What if the asteroid had missed?



by: BBC News

The extinction of the dinosaurs was most probably caused by an asteroid hitting the Earth - but what would have happened if the giant space rock had missed?

For a long time it was thought that dinosaurs were a lumbering, cold-blooded extinction just waiting to happen.
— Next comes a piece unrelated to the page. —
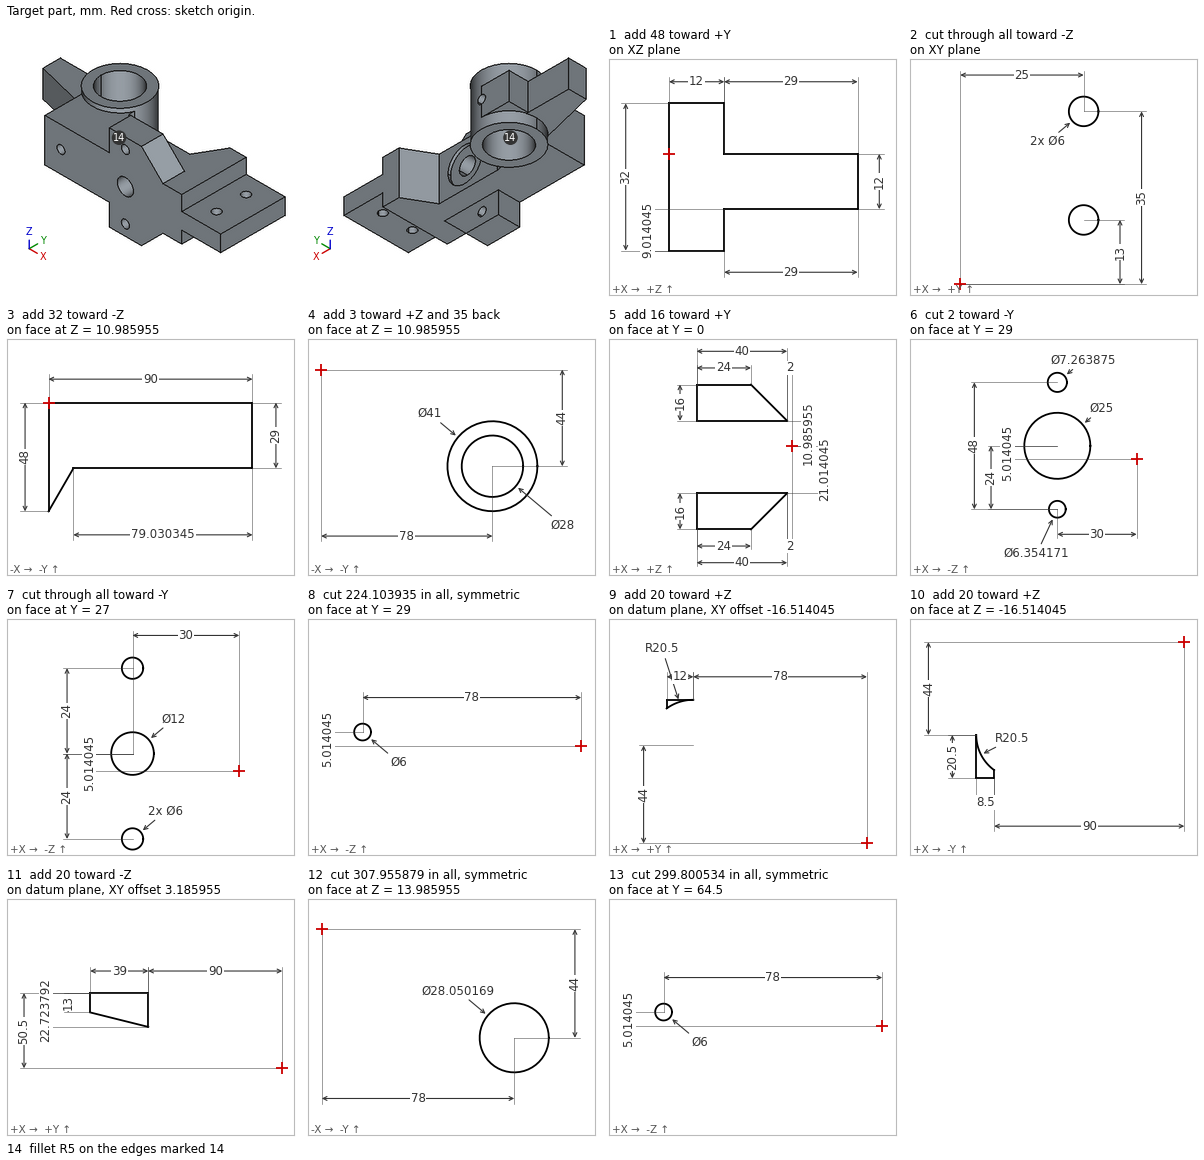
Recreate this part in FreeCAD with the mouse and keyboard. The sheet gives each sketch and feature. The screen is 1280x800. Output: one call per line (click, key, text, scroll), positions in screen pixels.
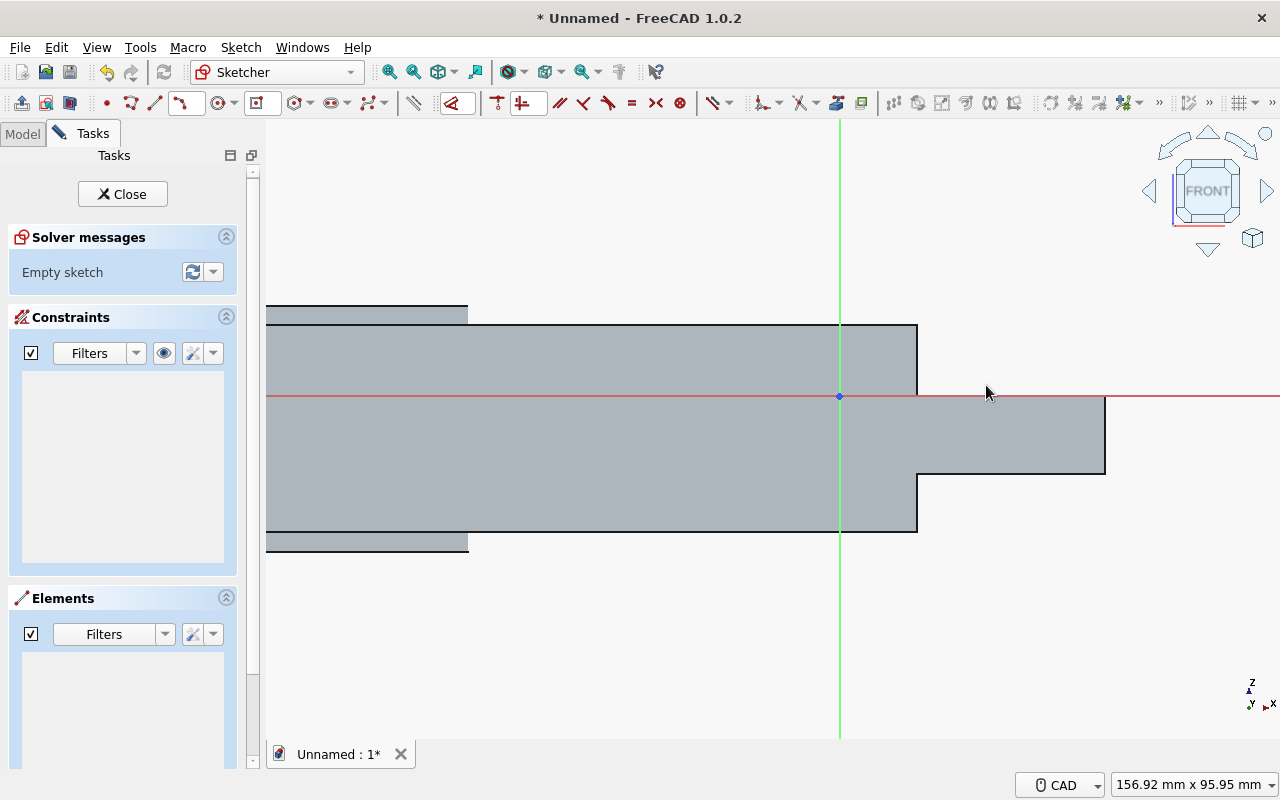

Even the word dinosaur has come to mean something that has outlived its time.

The scientific argument was that as cold-blooded creatures, dinosaurs would not have stood a chance of surviving an ice age.

"According to the first imaginings of palaeontologists and the general public about dinosaurs, we thought of them as reptiles," says Kristi Curry-Rogers, from the Science Museum of Minnesota.

"'Reptile' is a word which comes with a lot of other connotations, like cold-blooded, slow-moving, sprawling, scaly skins, kind of stupid."

But more recent discoveries, such as dinosaur fossils in both polar regions, reveal that these animals were far more adaptable than previously thought.

Dr Curry-Rogers has analysed fossilised bones from Late Cretaceous (65-99 million years ago) dinosaurs and found them to have more in common with mammals and birds than reptiles.

Something like us

Perhaps the most advanced dinosaur at the time of the extinction was the Troodon which was "as cunning as a fox", according to palaeontologist Larry Witmer of Ohio University.

They were small, upright, bi-pedal dinosaurs which lived in large groups. By studying the brain cavity, Witmer has found evidence they possessed good vision and even potentially had a brain structure compatible with problem-solving.

"If Troodon were around today, co-existing with humans, we'd probably call it a pest," says Professor Witmer.